▸ WORK INSTRUCTION
Start at the line below containing "table_cell 13 weken = 468 uur [850, 856, 1152, 882]" and stop at the line containing "text Artikel 6:5a [248, 1479, 1152, 1505]". Repeat every line of that stretch exactly, and nothing outside it.

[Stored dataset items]
*** Begin section ***

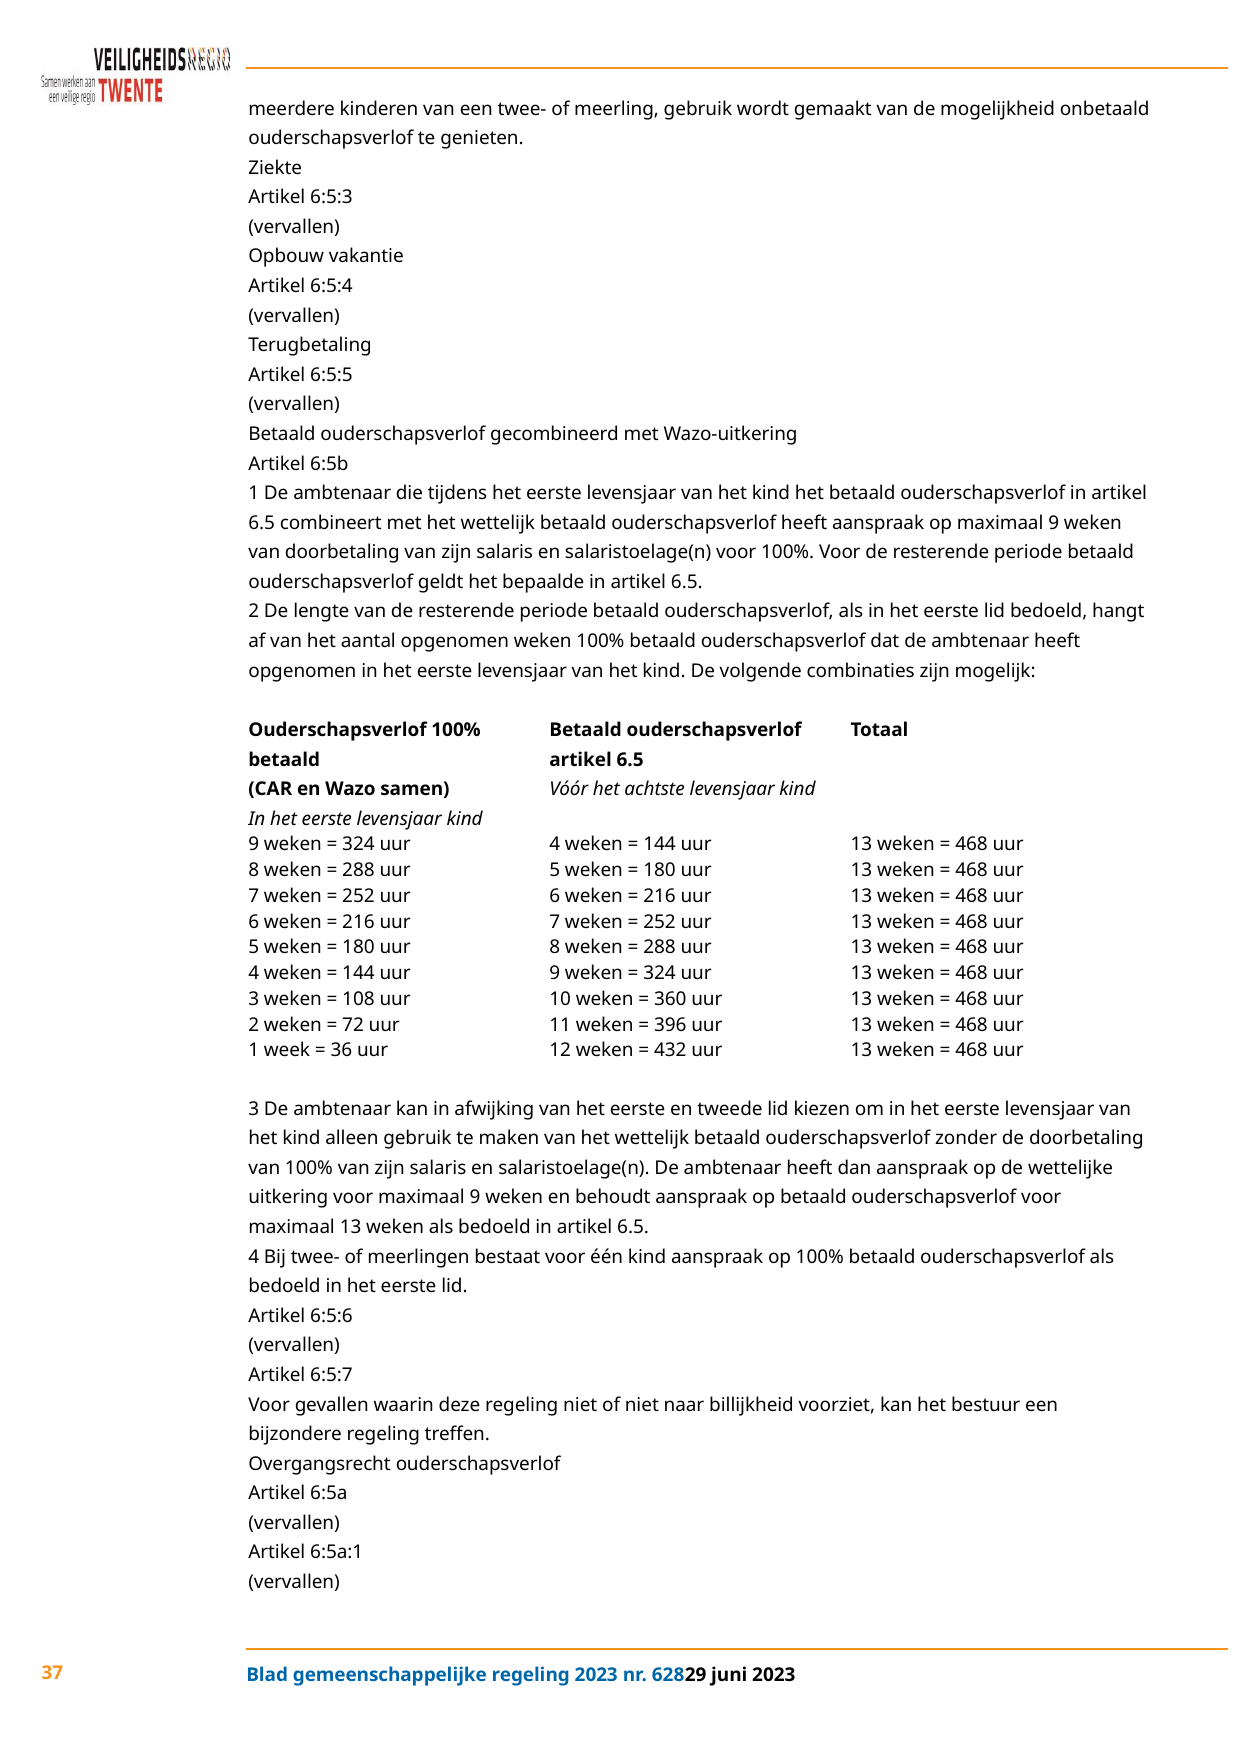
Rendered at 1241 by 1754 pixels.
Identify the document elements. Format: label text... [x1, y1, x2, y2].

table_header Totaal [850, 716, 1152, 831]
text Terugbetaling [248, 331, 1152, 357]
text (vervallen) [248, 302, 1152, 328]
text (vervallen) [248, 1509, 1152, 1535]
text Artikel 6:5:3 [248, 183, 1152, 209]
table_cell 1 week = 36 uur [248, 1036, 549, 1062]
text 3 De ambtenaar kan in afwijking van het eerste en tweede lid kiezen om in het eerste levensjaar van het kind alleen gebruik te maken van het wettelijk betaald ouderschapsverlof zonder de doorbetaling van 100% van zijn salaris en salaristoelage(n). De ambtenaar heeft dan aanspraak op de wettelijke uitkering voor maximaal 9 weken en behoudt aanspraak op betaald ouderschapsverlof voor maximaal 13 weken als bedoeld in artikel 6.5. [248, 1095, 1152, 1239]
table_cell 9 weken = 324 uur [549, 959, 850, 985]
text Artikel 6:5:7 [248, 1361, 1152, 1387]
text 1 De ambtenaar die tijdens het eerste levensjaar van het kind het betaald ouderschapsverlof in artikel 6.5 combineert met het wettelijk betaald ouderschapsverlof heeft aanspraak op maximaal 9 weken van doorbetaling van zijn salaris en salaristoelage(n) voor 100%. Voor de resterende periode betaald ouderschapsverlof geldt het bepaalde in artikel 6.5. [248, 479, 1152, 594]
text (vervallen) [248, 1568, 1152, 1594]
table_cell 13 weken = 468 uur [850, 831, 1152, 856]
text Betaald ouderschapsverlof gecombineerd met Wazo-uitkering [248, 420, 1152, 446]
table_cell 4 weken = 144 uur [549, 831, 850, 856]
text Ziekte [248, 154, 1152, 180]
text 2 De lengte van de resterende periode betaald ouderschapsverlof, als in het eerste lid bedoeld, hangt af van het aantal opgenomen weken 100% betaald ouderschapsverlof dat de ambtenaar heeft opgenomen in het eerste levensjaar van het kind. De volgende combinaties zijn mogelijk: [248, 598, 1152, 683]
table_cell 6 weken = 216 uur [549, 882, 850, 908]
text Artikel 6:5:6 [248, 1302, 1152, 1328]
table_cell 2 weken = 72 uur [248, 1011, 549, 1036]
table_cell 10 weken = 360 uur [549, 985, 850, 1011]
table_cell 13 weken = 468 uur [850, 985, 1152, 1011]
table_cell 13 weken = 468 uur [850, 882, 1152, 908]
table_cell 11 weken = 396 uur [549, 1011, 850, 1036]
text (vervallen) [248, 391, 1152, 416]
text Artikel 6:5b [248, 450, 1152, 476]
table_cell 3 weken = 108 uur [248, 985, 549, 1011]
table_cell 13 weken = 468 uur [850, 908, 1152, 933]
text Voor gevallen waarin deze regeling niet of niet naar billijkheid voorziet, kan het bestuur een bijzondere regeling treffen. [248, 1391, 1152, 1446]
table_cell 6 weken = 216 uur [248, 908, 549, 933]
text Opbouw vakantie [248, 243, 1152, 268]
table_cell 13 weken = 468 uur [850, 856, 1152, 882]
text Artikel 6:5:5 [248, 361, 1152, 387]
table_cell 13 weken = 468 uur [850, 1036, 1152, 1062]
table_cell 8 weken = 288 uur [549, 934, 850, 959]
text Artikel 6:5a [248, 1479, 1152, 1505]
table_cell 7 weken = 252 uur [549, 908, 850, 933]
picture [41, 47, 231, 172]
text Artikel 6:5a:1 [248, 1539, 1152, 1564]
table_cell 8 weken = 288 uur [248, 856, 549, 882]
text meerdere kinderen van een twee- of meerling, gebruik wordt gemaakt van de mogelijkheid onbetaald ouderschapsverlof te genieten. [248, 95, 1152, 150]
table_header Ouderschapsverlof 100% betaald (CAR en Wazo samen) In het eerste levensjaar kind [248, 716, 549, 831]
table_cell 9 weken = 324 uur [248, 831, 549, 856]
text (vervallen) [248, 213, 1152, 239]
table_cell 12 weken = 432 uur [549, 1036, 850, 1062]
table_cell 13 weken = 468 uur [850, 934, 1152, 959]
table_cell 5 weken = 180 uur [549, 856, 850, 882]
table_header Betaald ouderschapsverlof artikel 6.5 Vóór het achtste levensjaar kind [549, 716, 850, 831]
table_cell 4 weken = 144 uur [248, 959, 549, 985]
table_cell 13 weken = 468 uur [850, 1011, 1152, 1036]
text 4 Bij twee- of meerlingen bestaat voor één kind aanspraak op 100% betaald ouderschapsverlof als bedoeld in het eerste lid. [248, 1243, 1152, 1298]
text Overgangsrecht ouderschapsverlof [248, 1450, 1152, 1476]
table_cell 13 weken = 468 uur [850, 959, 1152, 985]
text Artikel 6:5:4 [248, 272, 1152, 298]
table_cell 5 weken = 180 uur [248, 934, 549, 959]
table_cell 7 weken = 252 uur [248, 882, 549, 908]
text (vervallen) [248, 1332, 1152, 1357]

*** End section ***

▸ RESPONSE TO THIS EXERCISE
table_cell 13 weken = 468 uur [850, 856, 1152, 882]
text Artikel 6:5:5 [248, 361, 1152, 387]
table_cell 13 weken = 468 uur [850, 1036, 1152, 1062]
table_cell 8 weken = 288 uur [549, 934, 850, 959]
text Artikel 6:5a [248, 1479, 1152, 1505]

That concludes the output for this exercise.